If you are an audiophile who uses a PC as a source in your audio system, you’re probably aware of the fact that Windows Vista introduced a brand-new audio engine to replace the much hated KMixer of Windows XP. In my opinion, there are a few reasons why audiophiles should be happy with this change:
- The new audio stack automatically upconverts all streams to a 32-bit floating-point sample depth (the same that is used in professional studios) and mixes them with the same precision. Because of the amount of headroom that comes with using 32-bit floats, there is no more clipping when playing two samples at the same time. There is also no loss of resolution when you lower the volume of a stream (see below).
- The Vista/Win7 audio engine automatically feeds your sound card with the highest-quality output stream that it can handle, which is usually 24 bits per sample. Perhaps you’re wondering why you should care, given that most music uses only 16 bits per sample. Suppose you’re playing a 16-bit song with a digital volume control set to 10%. This corresponds to dividing each sample by 10. Now let’s assume the song contains the following two adjacent samples: 41 and 48. In an ideal world, after the volume control we would get 4.1 and 4.8. However, if the output stream has a 16-bit depth just like the input stream, then both output samples will have to be truncated to 4. There is now no difference between the two samples, which means we have lost some resolution. But if we can have an output stream with 24 bits per sample, for each 16-bit level we get 28 = 256 additional (“fractional”) levels, so we can still preserve the difference between the two attenuated samples. In fact, we can have ≈4.1016 and ≈4.8008, which is within 0.04% of the “ideal” samples of 4.1 and 4.8.

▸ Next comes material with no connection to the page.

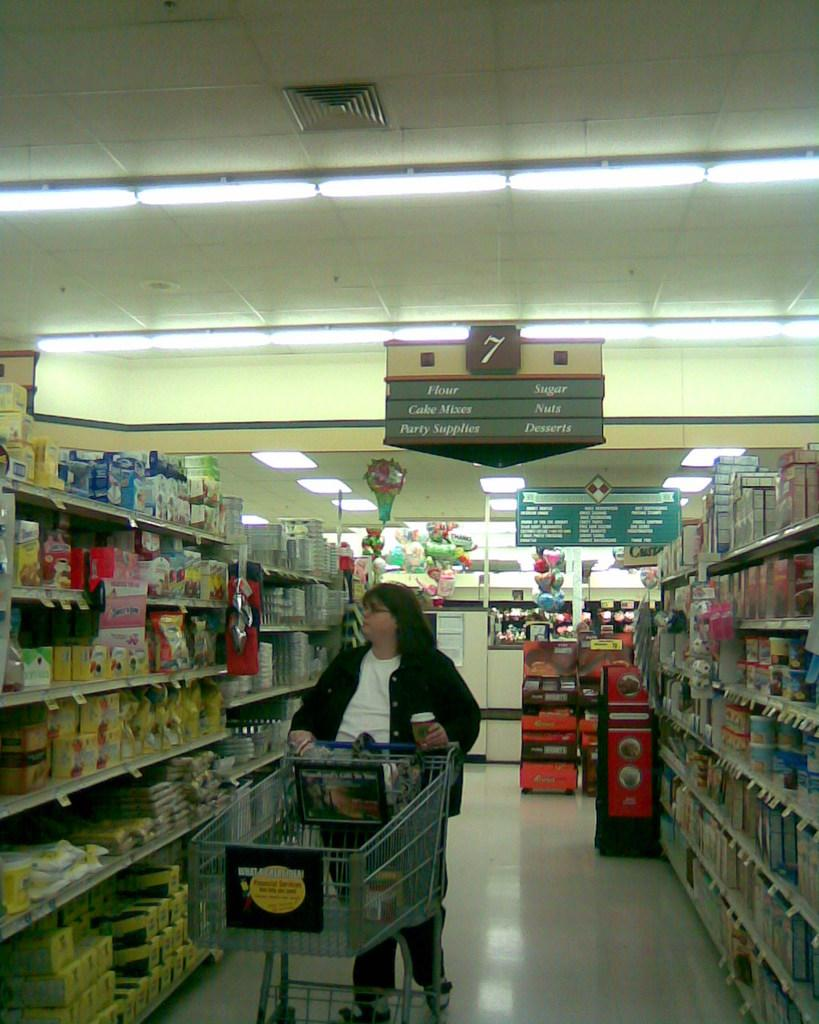<image>
Present a compact description of the photo's key features. A woman pushes a trolly in a supermarket below a sign that describes the aisle as a bakery section.

- Don’t you hate it when you change the volume in your movie player or instant messaging software and instead of changing its own volume, it changes your system volume? Or have you ever used an application with its own poorly implemented volume control (iTunes, I’m pointing at you!)? Well, these abominations should now be behind us. In Vista and Win7, each application gets its own audio stream (or streams) and a separate high-quality volume control, so there should no longer be any reason for application vendors to mess with the system volume or roll their own and botch the job.
So Windows Vista and Windows 7 upconvert all your samples to 32-bit floats and mix them with 32-bit precision into an output stream that, by default, has the highest bit depth that your hardware can handle. The output bit depth is customizable; you can change it in the properties of your audio device. If you change it e.g. to 16 bits, the audio engine will still use 32-bit floats for internal processing — it will just downconvert the resulting stream to 16 bits before sending it to your device.

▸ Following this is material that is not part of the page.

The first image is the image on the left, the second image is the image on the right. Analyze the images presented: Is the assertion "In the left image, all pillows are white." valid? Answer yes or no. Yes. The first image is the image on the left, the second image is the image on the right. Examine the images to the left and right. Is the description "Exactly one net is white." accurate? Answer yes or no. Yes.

Now, what about the sample rate? You can set the output sample rate in the audio device properties window, but is there also some internal sample rate that the Windows audio engine uses regardless of your setting? For example, does it upsample your 44.1 kHz songs to 96 or 128 kHz? Unlike the upconverting from 16-bit integers to 32-bit floats (which should be completely lossless), this could potentially introduce some distortion as going from 44.1 kHz to 96 or 128 kHz requires at least some interpolation.
I couldn’t find the answer to this question anywhere, so I wrote to Larry Osterman, who developed the Vista and Win7 audio stacks at Microsoft. His answer was that the sample rate that the engine uses is the one that the user specifies in the Properties window. The default sample rate is chosen by the audio driver (44.1 kHz on most devices). So if your music has a sample rate of 44.1 kHz, you can choose that setting and no sample rate conversion will take place. (Of course, any 48 kHz and higher samples will then be downsampled to 44.1 kHz.)
There is some interesting technical information on the Windows Vista audio stack in this Channel9 video.